Red blood cells (RBCs): 0–2 cells/HPF; White blood cells (WBCs): 0–5 cells/HPF; Epithelial cells: 0–5 cells/HPF; Casts: 0 LPF (none); Crystals: none or occasional HPF; Bacteria: none or scant

FAQs

Q: What is a deposit?

A: A deposit is a localized accumulation of material in body tissues or on organ surfaces—examples include calcium, fat, protein (amyloid) or dental plaque. Deposits can be harmless or cause inflammation, pain or impaired function depending on size and location. Diagnosis uses examination, imaging or lab tests; treatment depends on the cause and may include removal, medication or lifestyle changes to prevent recurrence.

Q: What are deposits in banking?

A: Deposits in banking are funds customers place into bank accounts for safekeeping and transactions. Common types include demand (checking), savings, and time or fixed-term deposits (certificates of deposit). Deposits are liabilities on a bank’s balance sheet and provide the main funding for loans and services. They may earn interest, have withdrawal rules, and are often protected by deposit insurance up to set limits.

Q: What is a synonym for deposits?

A: A common synonym for \

Q: What is deposit accounting?

A: Deposit accounting records funds received as deposits—customer advances, security deposits or bank deposits—as liabilities on the balance sheet until obligations are fulfilled. When services or goods are delivered, the liability is reclassified to revenue; refunded deposits reduce cash and the liability. For banks, customer deposits are recorded as liabilities because the institution owes the funds, with interest, reserve and regulatory rules affecting reporting.
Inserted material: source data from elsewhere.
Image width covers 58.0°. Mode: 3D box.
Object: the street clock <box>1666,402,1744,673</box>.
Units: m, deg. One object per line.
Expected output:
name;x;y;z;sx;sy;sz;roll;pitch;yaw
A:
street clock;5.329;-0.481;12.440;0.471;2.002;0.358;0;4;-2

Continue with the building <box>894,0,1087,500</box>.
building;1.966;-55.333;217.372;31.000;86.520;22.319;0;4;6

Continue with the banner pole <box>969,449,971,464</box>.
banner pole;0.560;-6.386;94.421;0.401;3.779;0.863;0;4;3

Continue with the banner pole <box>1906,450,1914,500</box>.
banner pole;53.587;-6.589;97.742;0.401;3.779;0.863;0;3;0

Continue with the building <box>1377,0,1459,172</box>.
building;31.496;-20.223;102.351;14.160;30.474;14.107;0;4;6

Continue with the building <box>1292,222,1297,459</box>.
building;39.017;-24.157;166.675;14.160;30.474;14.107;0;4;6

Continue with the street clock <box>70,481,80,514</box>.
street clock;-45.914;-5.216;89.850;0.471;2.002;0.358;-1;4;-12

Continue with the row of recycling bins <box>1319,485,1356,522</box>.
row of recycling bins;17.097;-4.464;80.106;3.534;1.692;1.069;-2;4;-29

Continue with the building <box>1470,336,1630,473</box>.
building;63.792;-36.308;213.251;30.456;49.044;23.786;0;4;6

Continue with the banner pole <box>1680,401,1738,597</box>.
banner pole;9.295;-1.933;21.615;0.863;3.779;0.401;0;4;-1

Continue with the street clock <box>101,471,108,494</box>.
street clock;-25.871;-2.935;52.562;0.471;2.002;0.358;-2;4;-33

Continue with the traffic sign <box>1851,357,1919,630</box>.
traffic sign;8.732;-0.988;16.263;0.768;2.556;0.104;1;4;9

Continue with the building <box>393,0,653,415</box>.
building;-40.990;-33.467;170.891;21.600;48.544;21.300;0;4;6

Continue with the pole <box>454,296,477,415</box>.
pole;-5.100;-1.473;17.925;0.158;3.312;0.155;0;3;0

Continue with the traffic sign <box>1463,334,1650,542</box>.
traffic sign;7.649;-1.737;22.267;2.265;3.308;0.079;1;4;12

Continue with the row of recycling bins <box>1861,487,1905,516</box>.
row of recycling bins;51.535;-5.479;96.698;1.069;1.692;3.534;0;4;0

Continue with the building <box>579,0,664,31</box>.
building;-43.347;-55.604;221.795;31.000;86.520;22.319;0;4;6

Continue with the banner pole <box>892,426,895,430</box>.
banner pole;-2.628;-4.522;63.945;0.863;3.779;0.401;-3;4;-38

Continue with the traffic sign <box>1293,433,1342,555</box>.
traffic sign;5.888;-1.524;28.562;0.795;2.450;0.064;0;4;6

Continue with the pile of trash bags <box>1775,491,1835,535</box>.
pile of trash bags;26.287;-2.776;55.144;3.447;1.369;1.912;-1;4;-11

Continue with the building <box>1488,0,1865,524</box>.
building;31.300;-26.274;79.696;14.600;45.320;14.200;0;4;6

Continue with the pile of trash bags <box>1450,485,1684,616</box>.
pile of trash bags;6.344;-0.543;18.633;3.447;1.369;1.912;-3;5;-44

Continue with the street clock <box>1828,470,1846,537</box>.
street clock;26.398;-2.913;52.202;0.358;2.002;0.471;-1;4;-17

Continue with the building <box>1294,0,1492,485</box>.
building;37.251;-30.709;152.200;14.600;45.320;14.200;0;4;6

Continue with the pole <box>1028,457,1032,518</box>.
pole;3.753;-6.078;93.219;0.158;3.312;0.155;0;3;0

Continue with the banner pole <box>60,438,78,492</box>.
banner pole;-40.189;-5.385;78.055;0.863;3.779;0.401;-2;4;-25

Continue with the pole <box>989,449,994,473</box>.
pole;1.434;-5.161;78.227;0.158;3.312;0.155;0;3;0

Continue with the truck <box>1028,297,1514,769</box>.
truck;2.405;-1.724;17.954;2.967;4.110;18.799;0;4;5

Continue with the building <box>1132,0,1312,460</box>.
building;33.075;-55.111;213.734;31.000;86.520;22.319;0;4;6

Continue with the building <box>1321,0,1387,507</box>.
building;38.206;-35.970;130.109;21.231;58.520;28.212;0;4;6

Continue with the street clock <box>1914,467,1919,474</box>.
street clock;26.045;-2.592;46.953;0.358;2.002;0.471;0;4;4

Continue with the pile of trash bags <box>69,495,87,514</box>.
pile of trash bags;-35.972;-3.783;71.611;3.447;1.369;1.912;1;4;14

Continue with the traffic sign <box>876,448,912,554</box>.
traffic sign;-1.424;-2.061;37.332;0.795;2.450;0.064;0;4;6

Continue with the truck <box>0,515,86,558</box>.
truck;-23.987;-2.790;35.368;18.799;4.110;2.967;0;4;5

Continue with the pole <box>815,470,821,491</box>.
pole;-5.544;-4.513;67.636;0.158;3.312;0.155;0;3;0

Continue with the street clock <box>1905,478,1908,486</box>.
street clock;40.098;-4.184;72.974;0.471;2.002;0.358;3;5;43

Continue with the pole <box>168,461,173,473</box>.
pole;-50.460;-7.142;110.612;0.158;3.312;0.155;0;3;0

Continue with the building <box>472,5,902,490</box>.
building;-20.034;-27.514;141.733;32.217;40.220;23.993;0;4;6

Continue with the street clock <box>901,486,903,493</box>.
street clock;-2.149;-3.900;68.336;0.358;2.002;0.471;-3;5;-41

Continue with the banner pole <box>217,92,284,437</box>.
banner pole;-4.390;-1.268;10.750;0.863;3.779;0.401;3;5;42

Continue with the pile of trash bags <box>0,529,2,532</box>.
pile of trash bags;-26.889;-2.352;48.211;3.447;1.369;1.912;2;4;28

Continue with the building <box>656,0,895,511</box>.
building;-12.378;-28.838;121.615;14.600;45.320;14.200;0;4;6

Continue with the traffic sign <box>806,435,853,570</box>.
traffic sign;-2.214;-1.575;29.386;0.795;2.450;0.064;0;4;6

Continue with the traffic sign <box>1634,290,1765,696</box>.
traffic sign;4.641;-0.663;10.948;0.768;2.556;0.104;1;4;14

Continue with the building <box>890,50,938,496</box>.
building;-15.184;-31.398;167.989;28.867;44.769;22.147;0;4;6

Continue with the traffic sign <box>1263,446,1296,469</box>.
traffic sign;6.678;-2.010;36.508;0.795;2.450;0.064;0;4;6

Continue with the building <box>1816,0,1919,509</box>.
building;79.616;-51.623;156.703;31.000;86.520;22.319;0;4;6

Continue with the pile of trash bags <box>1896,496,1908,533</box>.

Q: What are the four types of deposits?

A: The four main types of kidney stone deposits are: calcium stones (most commonly calcium oxalate, also calcium phosphate), uric acid stones, struvite stones (infection-related, containing magnesium ammonium phosphate), and cystine stones (rare, from a genetic disorder). Treatment and prevention differ by type including fluid intake, dietary changes, medications, and treating infections or metabolic causes.

Q: What are term deposits?

A: Term deposits are bank investments where you lock a lump sum for a fixed period at a predetermined interest rate. They offer predictable, generally higher returns than savings accounts, low risk and often government insurance, but funds are inaccessible without penalties until maturity. Interest may be paid periodically or at maturity. They're suited for conservative savers seeking capital preservation and steady income.